Aim of the exercise —
Those lines of the following listing which contain the string "mentions" should be returned.
=====
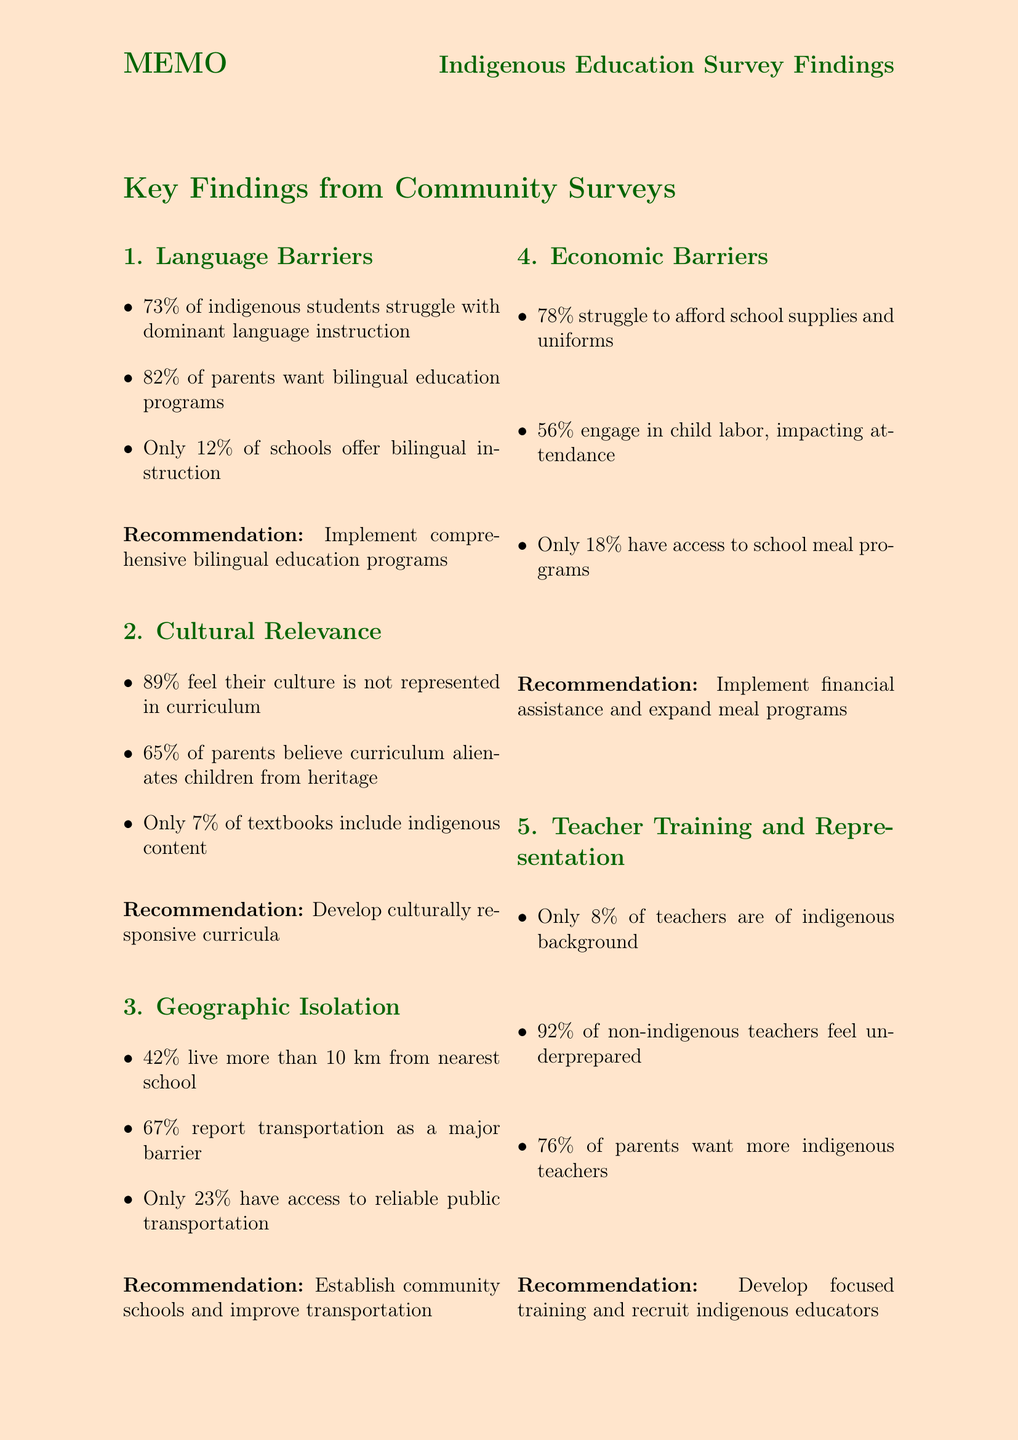What percentage of indigenous students reported difficulties with classroom instruction? The document states that 73% of indigenous students reported difficulty understanding classroom instruction.
Answer: 73% How many schools in indigenous areas offer bilingual instruction? The document mentions that only 12% of schools in indigenous areas offer bilingual instruction.
Answer: 12% What percentage of indigenous families struggled to afford school supplies and uniforms? The document states that 78% of indigenous families reported difficulty affording school supplies and uniforms.
Answer: 78% What is the sample size of the survey conducted? According to the document, the sample size for the survey was 5,000.
Answer: 5000 Which recommendation addresses cultural representation in education? The document recommends developing culturally responsive curricula that incorporate indigenous knowledge and perspectives.
Answer: Develop culturally responsive curricula What barrier do 67% of families report affecting school attendance? The document states that 67% of families reported transportation as a major barrier to regular school attendance.
Answer: Transportation What percentage of indigenous parents want more indigenous teachers? The document mentions that 76% of indigenous parents expressed a desire for more indigenous teachers in schools.
Answer: 76% Who is responsible for overseeing policy recommendations based on the survey? The document states that Sarah Thompson, Senior Policy Advisor, Ministry of Education, will oversee policy recommendations.
Answer: Sarah Thompson What is the geographic coverage of the survey? The document specifies that the survey covered 25 indigenous communities across 5 regions.
Answer: 25 indigenous communities across 5 regions 
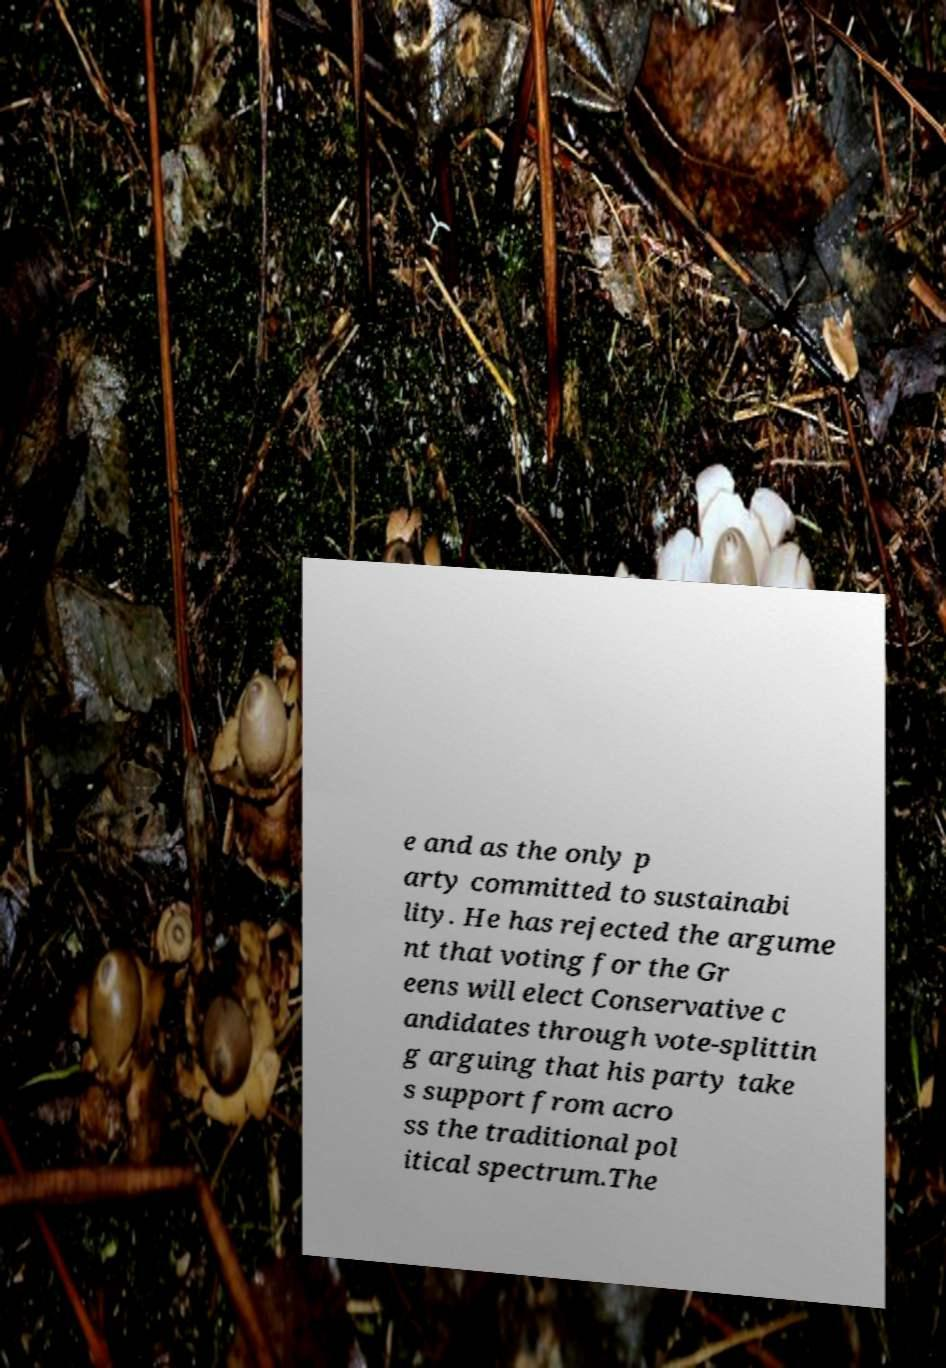Please identify and transcribe the text found in this image. e and as the only p arty committed to sustainabi lity. He has rejected the argume nt that voting for the Gr eens will elect Conservative c andidates through vote-splittin g arguing that his party take s support from acro ss the traditional pol itical spectrum.The 
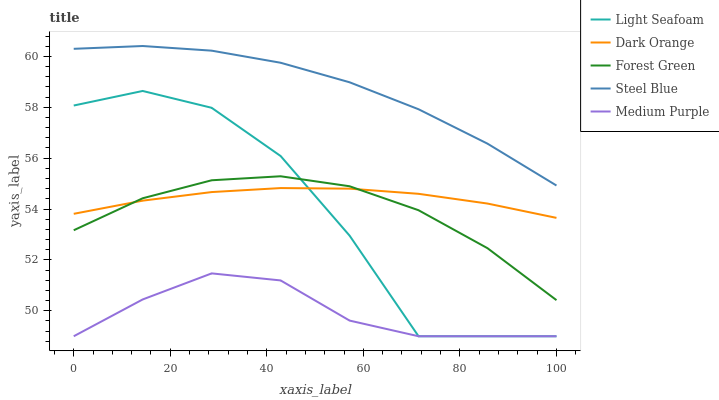Does Medium Purple have the minimum area under the curve?
Answer yes or no. Yes. Does Steel Blue have the maximum area under the curve?
Answer yes or no. Yes. Does Dark Orange have the minimum area under the curve?
Answer yes or no. No. Does Dark Orange have the maximum area under the curve?
Answer yes or no. No. Is Dark Orange the smoothest?
Answer yes or no. Yes. Is Light Seafoam the roughest?
Answer yes or no. Yes. Is Forest Green the smoothest?
Answer yes or no. No. Is Forest Green the roughest?
Answer yes or no. No. Does Medium Purple have the lowest value?
Answer yes or no. Yes. Does Dark Orange have the lowest value?
Answer yes or no. No. Does Steel Blue have the highest value?
Answer yes or no. Yes. Does Dark Orange have the highest value?
Answer yes or no. No. Is Dark Orange less than Steel Blue?
Answer yes or no. Yes. Is Forest Green greater than Medium Purple?
Answer yes or no. Yes. Does Dark Orange intersect Forest Green?
Answer yes or no. Yes. Is Dark Orange less than Forest Green?
Answer yes or no. No. Is Dark Orange greater than Forest Green?
Answer yes or no. No. Does Dark Orange intersect Steel Blue?
Answer yes or no. No. 
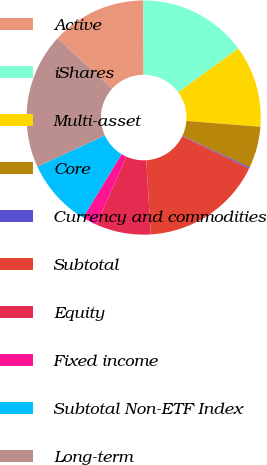Convert chart to OTSL. <chart><loc_0><loc_0><loc_500><loc_500><pie_chart><fcel>Active<fcel>iShares<fcel>Multi-asset<fcel>Core<fcel>Currency and commodities<fcel>Subtotal<fcel>Equity<fcel>Fixed income<fcel>Subtotal Non-ETF Index<fcel>Long-term<nl><fcel>13.15%<fcel>15.0%<fcel>11.3%<fcel>5.74%<fcel>0.19%<fcel>16.85%<fcel>7.59%<fcel>2.04%<fcel>9.44%<fcel>18.7%<nl></chart> 
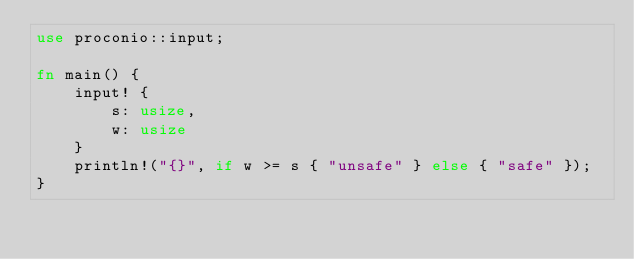Convert code to text. <code><loc_0><loc_0><loc_500><loc_500><_Rust_>use proconio::input;

fn main() {
    input! {
        s: usize,
        w: usize
    }
    println!("{}", if w >= s { "unsafe" } else { "safe" });
}
</code>
=====
Your response —
Answer: 73% How many schools in indigenous areas offer bilingual instruction? The document mentions that only 12% of schools in indigenous areas offer bilingual instruction.
Answer: Transportation What percentage of indigenous parents want more indigenous teachers? The document mentions that 76% of indigenous parents expressed a desire for more indigenous teachers in schools.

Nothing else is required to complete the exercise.